━━━━━ Provided records

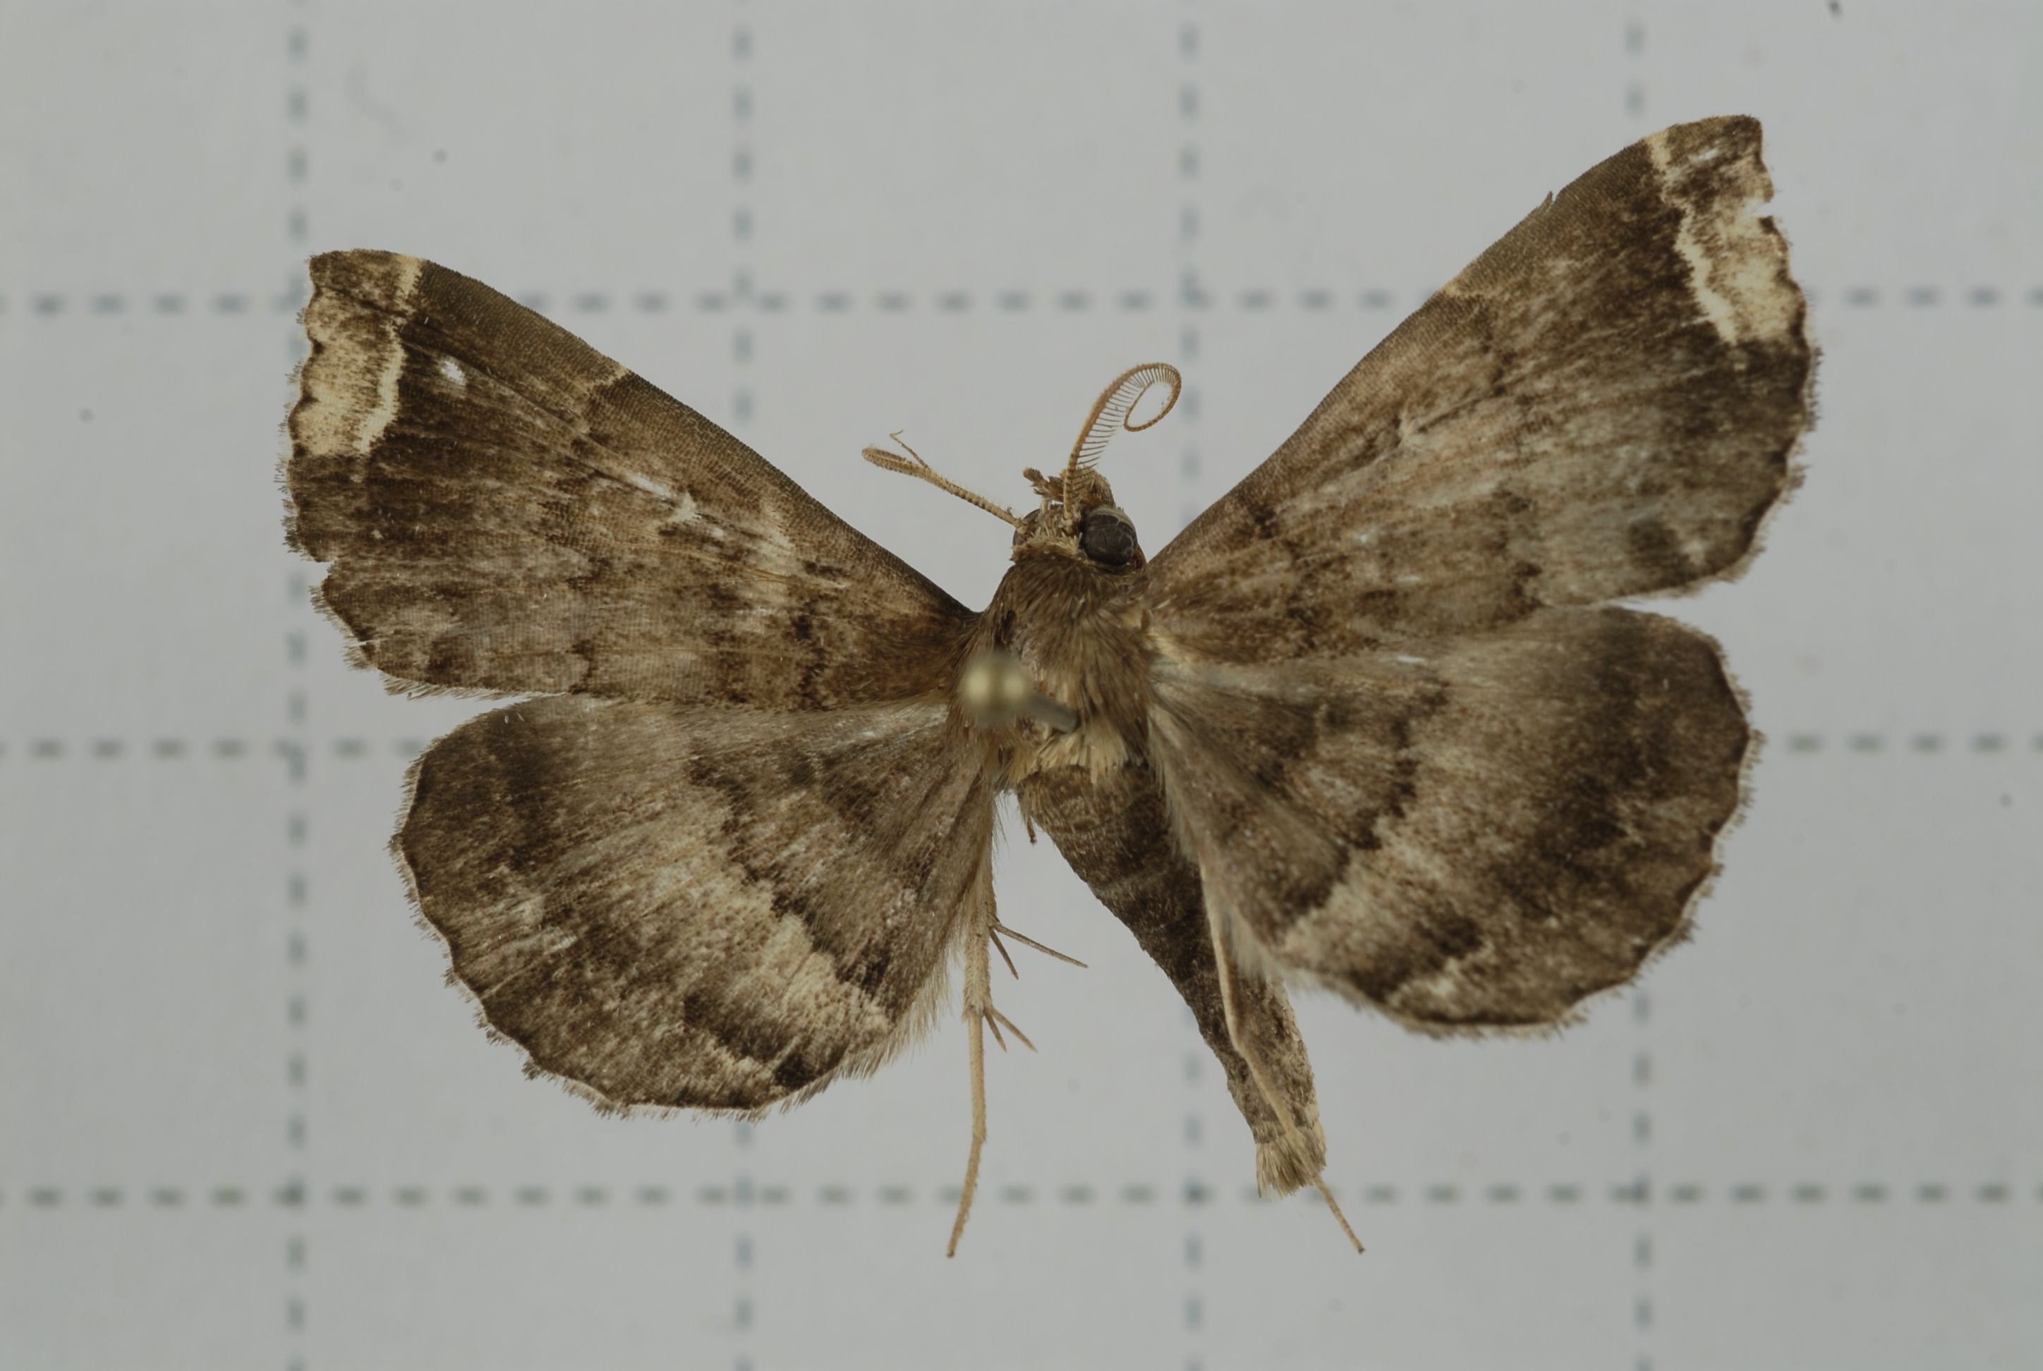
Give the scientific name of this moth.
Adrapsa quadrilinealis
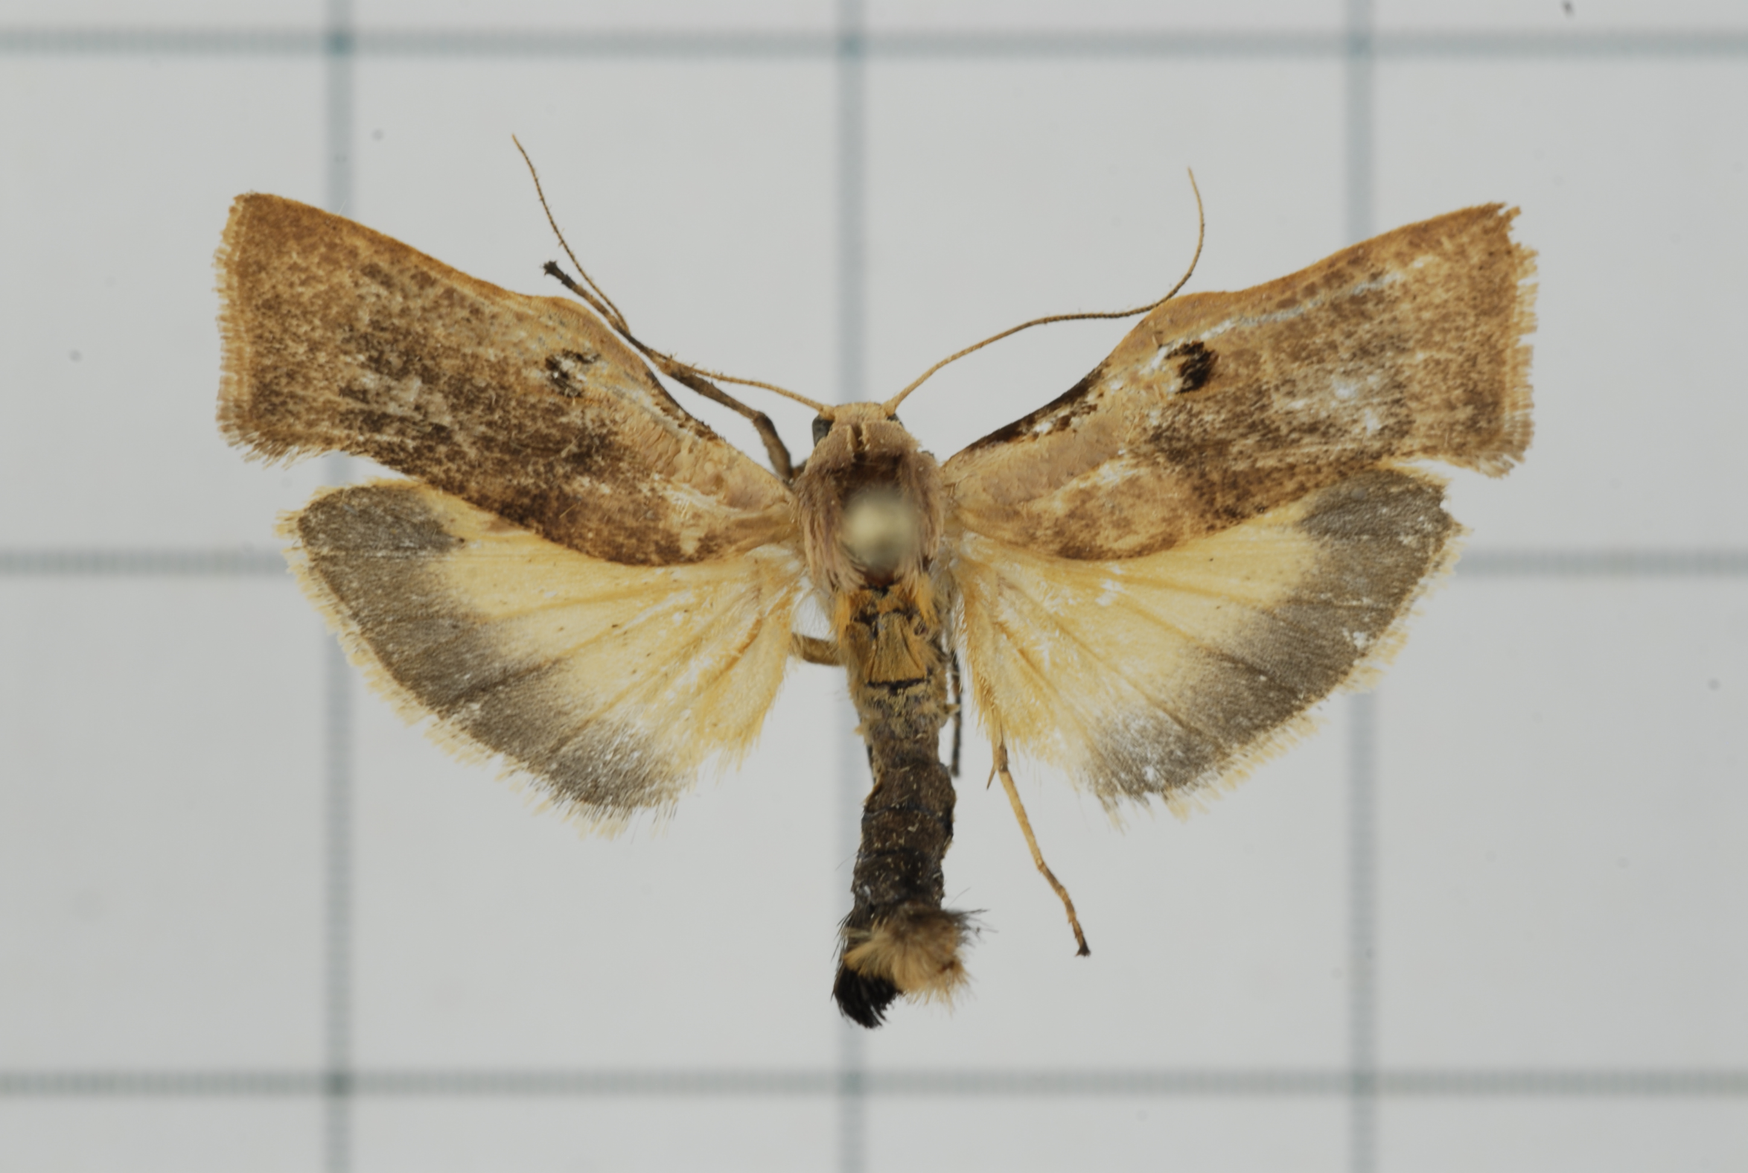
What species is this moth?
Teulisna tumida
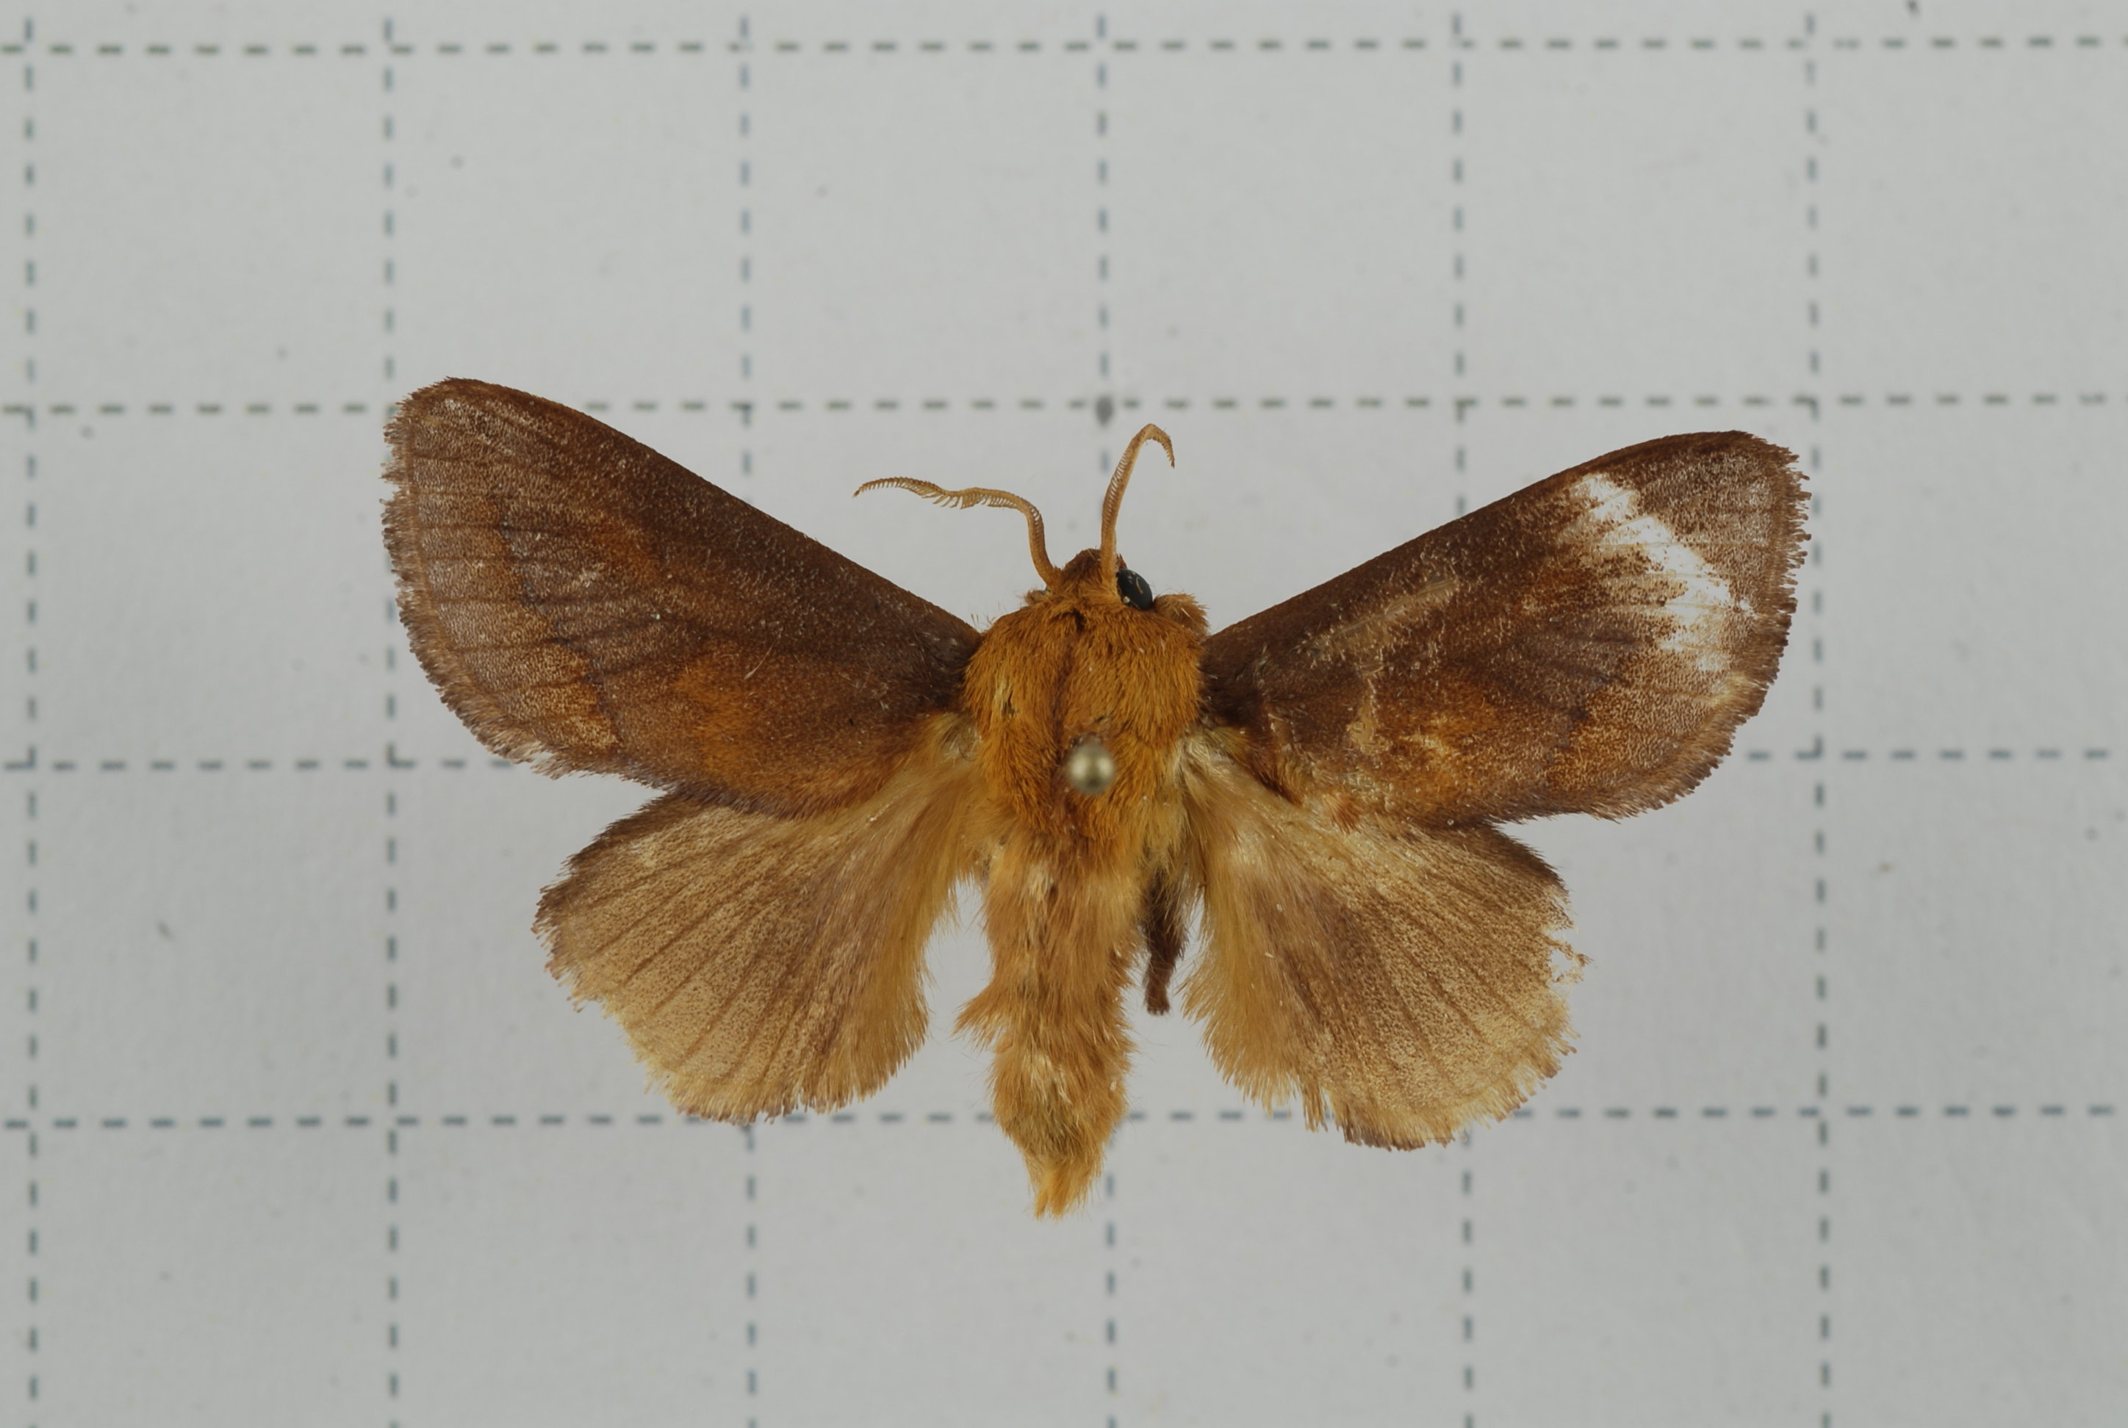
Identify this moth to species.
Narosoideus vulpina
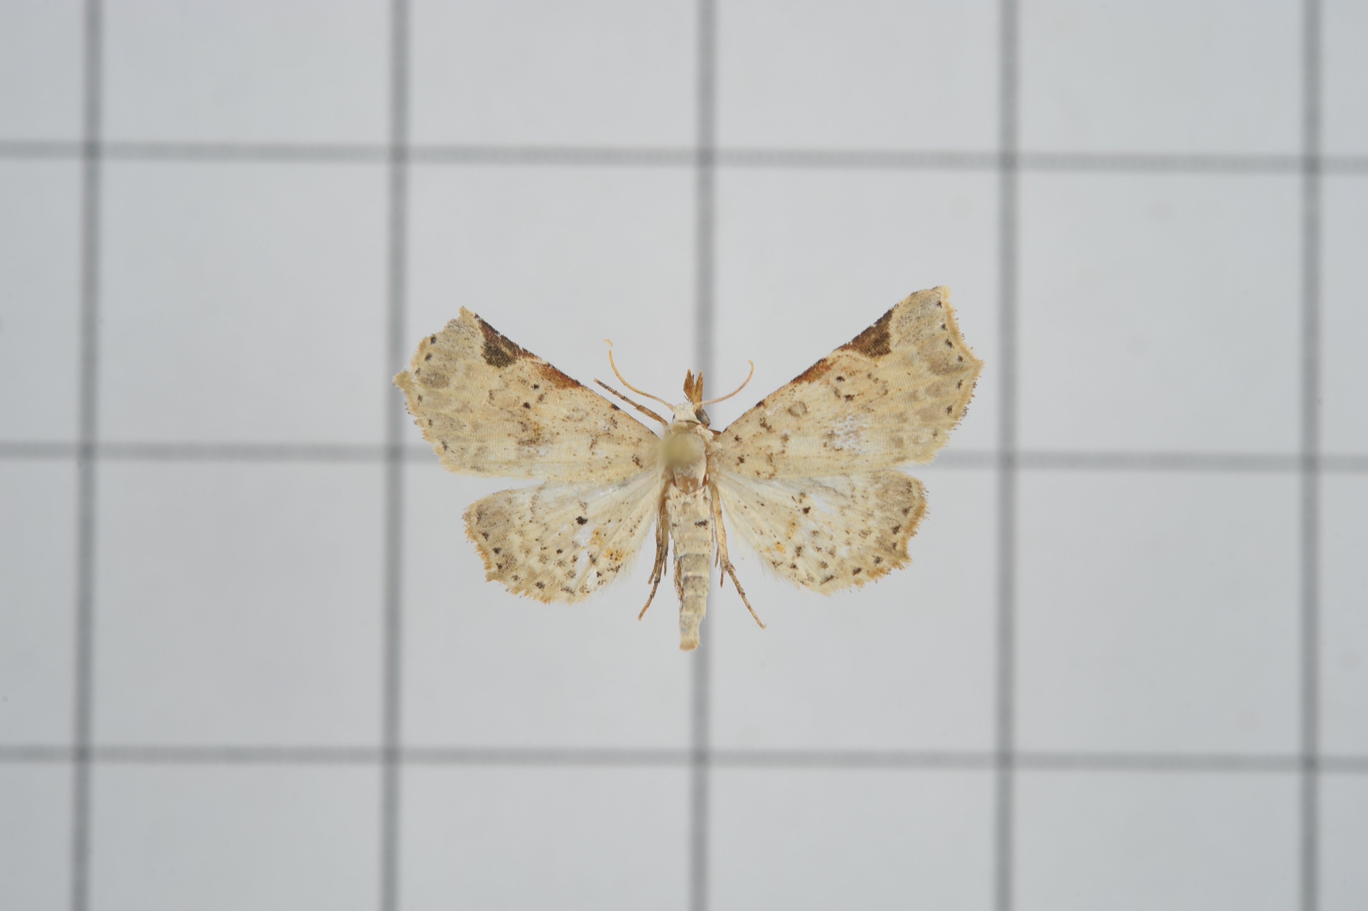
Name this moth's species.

━━━━━━━━━━

*Work instruction:*
Print exactly, and print only, the lines from the line with "Identify this moth to species." through the last line of the entries, both ends included. No pictures belong in the result.

*Written solution:*
Identify this moth to species.
Narosoideus vulpina
Name this moth's species.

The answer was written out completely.